**Records to process**.
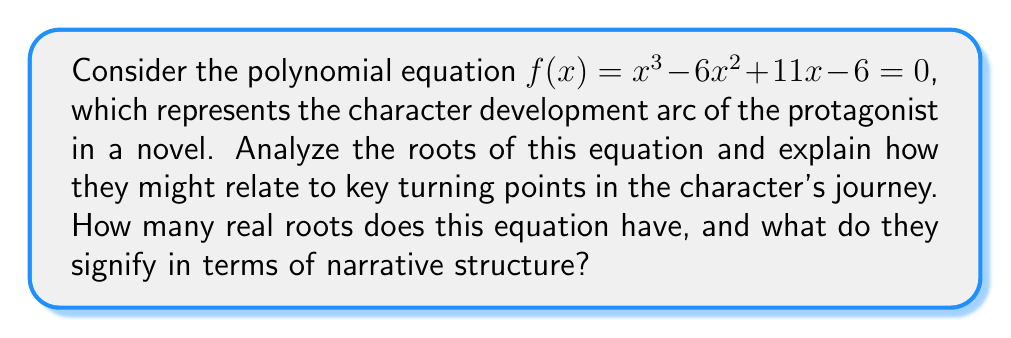Provide a solution to this math problem. To analyze the roots of the polynomial equation $f(x) = x^3 - 6x^2 + 11x - 6 = 0$, we'll follow these steps:

1) First, let's factor the polynomial:
   $f(x) = (x - 1)(x - 2)(x - 3) = 0$

2) The roots of the equation are the values of x that make $f(x) = 0$. From the factored form, we can see that the roots are:
   $x = 1, 2, \text{ and } 3$

3) This polynomial has three real roots, which in literary terms could represent three significant moments or turning points in the protagonist's character development.

4) In the context of narrative structure:
   - The root $x = 1$ might symbolize the initial conflict or call to action.
   - The root $x = 2$ could represent the midpoint of the story, where the character faces a major challenge.
   - The root $x = 3$ might signify the climax or resolution of the character's arc.

5) The fact that the roots are evenly spaced (1, 2, 3) could suggest a well-paced narrative with equally significant turning points.

6) The polynomial's shape (cubic) mirrors the classic three-act structure in literature: setup, confrontation, and resolution.

This mathematical approach provides a unique lens through which to view character development, offering a quantitative complement to traditional qualitative analysis of narrative structure.
Answer: 3 real roots; representing beginning, middle, and end of character arc

**The problem**.
Read the records above. Show each line that has the string "points".

**Solution to the exercise**.
3) This polynomial has three real roots, which in literary terms could represent three significant moments or turning points in the protagonist's character development.
5) The fact that the roots are evenly spaced (1, 2, 3) could suggest a well-paced narrative with equally significant turning points.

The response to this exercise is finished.